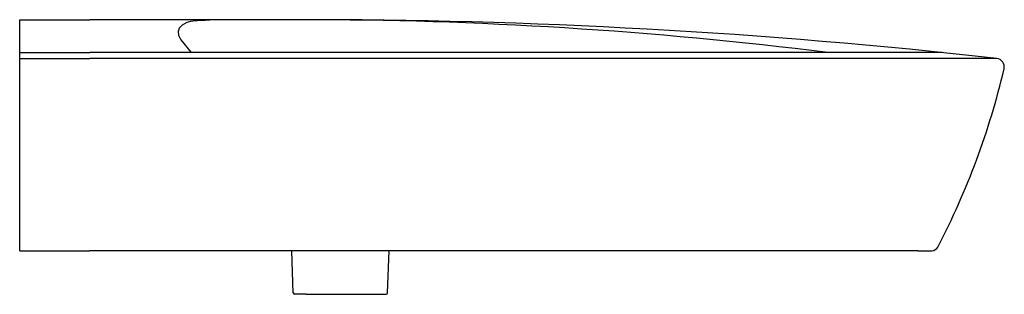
# Model space of a CAD drawing. Header units: millimetres. Extents: x 215.226 to 215.926, y 150.438 to 150.633.
import ezdxf

# ---------------------------------------------------------------- set-up
doc = ezdxf.new("R2010")
doc.units = ezdxf.units.MM
doc.layers.add('SANINDUSA', color=3, linetype='Continuous')

msp = doc.modelspace()

# ---------------------------------------------------------------- linework, layer by layer
at = {"layer": 'SANINDUSA', "ltscale": 0.5}
for p, q in [((215.22592, 150.63322), (215.27571, 150.63322)), ((215.42828, 150.63322), (215.27571, 150.63322)), ((215.22592, 150.46921), (215.27571, 150.46921)), ((215.86433, 150.46921), (215.27571, 150.46921)), ((215.86433, 150.46921), (215.87448, 150.46921)), ((215.86463, 150.46921), (215.86922, 150.46921)), ((215.4295, 150.43826), (215.4214, 150.43826)), ((215.47834, 150.43826), (215.48644, 150.43826))]:
    msp.add_line(p, q, dxfattribs=at)
at = {"layer": 'SANINDUSA'}
for p, q in [((215.22592, 150.46921), (215.22592, 150.63322)), ((215.22592, 150.60988), (215.27571, 150.60988)), ((215.22592, 150.60571), (215.27571, 150.60571)), ((215.88169, 150.60988), (215.27571, 150.60988)), ((215.92068, 150.60571), (215.27571, 150.60571)), ((215.4204, 150.43924), (215.41936, 150.46921)), ((215.48744, 150.43924), (215.48848, 150.46921)), ((215.4295, 150.43826), (215.47834, 150.43825))]:
    msp.add_line(p, q, dxfattribs=at)
at = {"layer": 'SANINDUSA', "flags": 128}
for points in [[(215.38898, 150.63322), (215.36105, 150.63283), (215.35773, 150.63275), (215.35469, 150.63266), (215.35199, 150.63254)], [(215.34472, 150.63125), (215.34148, 150.62941), (215.33941, 150.62731), (215.33853, 150.62491), (215.33884, 150.6222), (215.34041, 150.61904), (215.34775, 150.60988)], [(215.35199, 150.63254), (215.35158, 150.63249), (215.34921, 150.63221), (215.34726, 150.63191), (215.34576, 150.63159), (215.34472, 150.63125)]]:
    msp.add_lwpolyline(points, dxfattribs=at)
at = {"layer": 'SANINDUSA'}
for centre, radius, start, end in [((215.42828, 146.21226), 4.42096, 83.60518, 90.07282), ((215.42571, 147.61174), 3.02148, 82.87311, 90), ((215.91992, 150.59976), 0.006, 346.78997, 82.73627), ((215.87421, 150.47421), 0.005, 273.11863, 331.22366)]:
    msp.add_arc(centre, radius, start, end, dxfattribs=at)
at = {"layer": 'SANINDUSA', "linetype": 'Continuous'}
msp.add_arc((215.4037, 150.72083), 0.53622, 332.32755, 346.80084, dxfattribs=at)
at = {"layer": 'SANINDUSA', "ltscale": 0.5}
for centre, start, end in [((215.4214, 150.43926), 181, 270), ((215.48644, 150.43926), 270, 359)]:
    msp.add_arc(centre, 0.001, start, end, dxfattribs=at)

doc.saveas('drawing.dxf')

Problem to solve —
In the lines above, find the word "linetype" and copy each line that contains it.

Exercise response —
doc.layers.add('SANINDUSA', color=3, linetype='Continuous')
at = {"layer": 'SANINDUSA', "linetype": 'Continuous'}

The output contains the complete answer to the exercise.